Big Data Starts to Grow up?

Finally, 2014 was a year of redux and irony. Take Cindi Howson's Successful Business Intelligence, a landmark book that was first published back in 2007. In 2013, Howson, a consultant and BI practitioner, as well as a recognized BI tools expert, published an updated edition of her book, complete with a new subtitle: "Unlock the Value of BI and Big Data."

For years, Howson has been fighting the good fight, championing BI as a means to empower business decision-makers and to promote business transparency, accountability, and governance. IT needs to be more responsive to business people, Howson has long said, and BI tools need to do a better job of promoting this responsiveness. At the same time, an important function of IT is to protect the business against itself.  For this reason, data lineage, master data management, and governance are critical business requirements that can't always be reconciled with the demands of business decision-makers for faster! better! now! results. The challenge for BI is to pragmatically address both prerogatives.
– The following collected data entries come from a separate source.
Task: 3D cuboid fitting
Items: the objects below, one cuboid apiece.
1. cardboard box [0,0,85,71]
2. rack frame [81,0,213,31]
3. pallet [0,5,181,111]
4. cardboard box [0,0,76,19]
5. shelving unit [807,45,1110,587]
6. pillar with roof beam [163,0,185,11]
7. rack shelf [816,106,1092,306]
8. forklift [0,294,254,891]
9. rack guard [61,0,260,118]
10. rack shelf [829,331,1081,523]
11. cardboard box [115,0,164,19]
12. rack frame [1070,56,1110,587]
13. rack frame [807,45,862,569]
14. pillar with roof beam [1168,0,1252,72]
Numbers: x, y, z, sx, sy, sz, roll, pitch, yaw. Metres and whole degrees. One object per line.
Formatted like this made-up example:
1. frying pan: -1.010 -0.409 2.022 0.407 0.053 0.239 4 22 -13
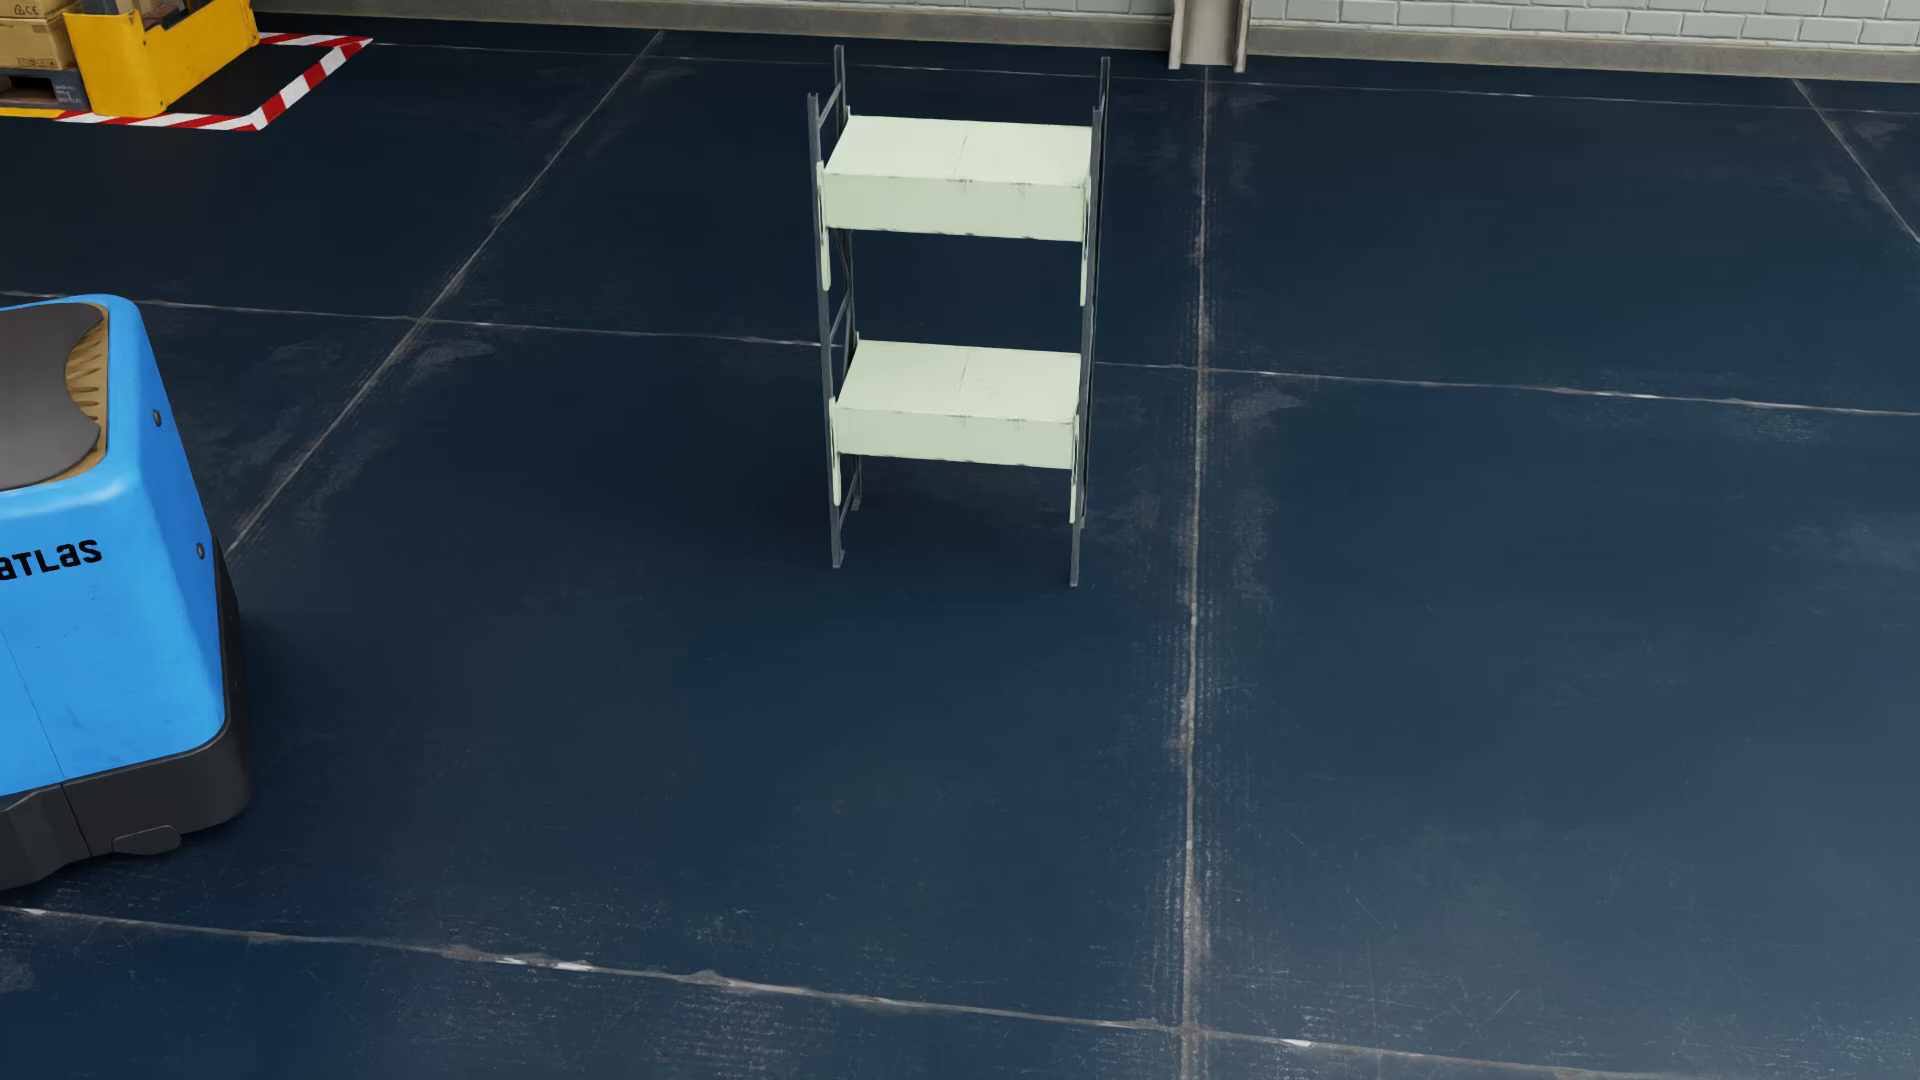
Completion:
1. cardboard box: -4.575 -2.540 8.233 0.500 0.250 0.500 5 36 6
2. rack frame: -4.069 -3.636 7.762 0.127 3.000 1.000 4 36 6
3. pallet: -4.833 -2.533 8.618 1.213 0.211 1.003 4 36 6
4. cardboard box: -4.592 -2.747 8.092 0.500 0.250 0.500 4 36 5
5. shelving unit: 0.007 -0.610 4.814 0.755 1.500 0.431 4 36 6
6. pillar with roof beam: -5.193 -4.168 3.344 0.400 9.000 9.100 4 36 6
7. rack shelf: 0.007 -0.928 4.587 0.720 0.370 0.431 4 36 6
8. forklift: -3.361 -0.395 3.280 3.031 2.935 1.130 -13 38 -18
9. rack guard: -4.045 -2.617 8.486 0.348 0.500 1.175 4 36 6
10. rack shelf: 0.007 -0.345 5.003 0.720 0.370 0.431 4 36 6
11. cardboard box: -4.531 -2.837 8.648 0.500 0.250 0.500 4 36 6
12. rack frame: 0.370 -0.583 4.776 0.023 1.500 0.400 4 36 6
13. rack frame: -0.356 -0.637 4.852 0.023 1.500 0.400 4 36 6
14. pillar with roof beam: 0.758 -3.724 2.722 0.400 9.000 9.100 4 36 6

This, too, is the challenge for big data. In 2014, after several years of unabated hype, it seemed as if consumers, vendors, and hype-mongers were starting to come to grips with What Big Data Hath Wrought. As research analyst Marc Demarest framed the issue in a keynote address at TDWI's 2014 World Conference in Orlando: Where is all of the stuff we're putting into Hadoop coming from -- and what do we expect to do with it?

Demarest, a principal with Noumenal Inc., compared the unmanaged Hadoop “data lake” use case (in which Hadoop's HDFS is used as a vast reservoir for all enterprise information) to a polluted river. He invoked the infamous Cuyahoga River fire of 1952, which caused more than $1 million in property damage, to drive home this point. What caused the Cuyahoga River to spontaneously combust? Pollution. The challenge with using Hadoop as a long-term repository is that its data management feature set is shockingly primitive, which leads to a similar kind of pollution or contamination of data.

Instead of the Hadoop “data lake,” then, you wind up with the Hadoop “Superfund Clean-up Site,” Demarest told BI This Week in a follow-up interview. In Hadoop, it just isn't possible to answer a number of critical questions -- e.g., Where did this file come from? Who put it there? What is it used for? How accurate is the data stored in this file compared to this other data over here? How many other files of the same sort are in here? -- with the same degree of accuracy as with a data warehouse or (R)DBMS system.

There aren't any -- any -- good answers to this problem today, Demarest argued.

The hope, thanks to pushback from frustrated customers and thought-leadership from voices such as Demarest's and Howson's, is that such answers will soon emerge. Perhaps in 2015, then, we'll see the first such green shoots of a newer, more manageable, more governable take on big data.

Check back here next year and we'll see.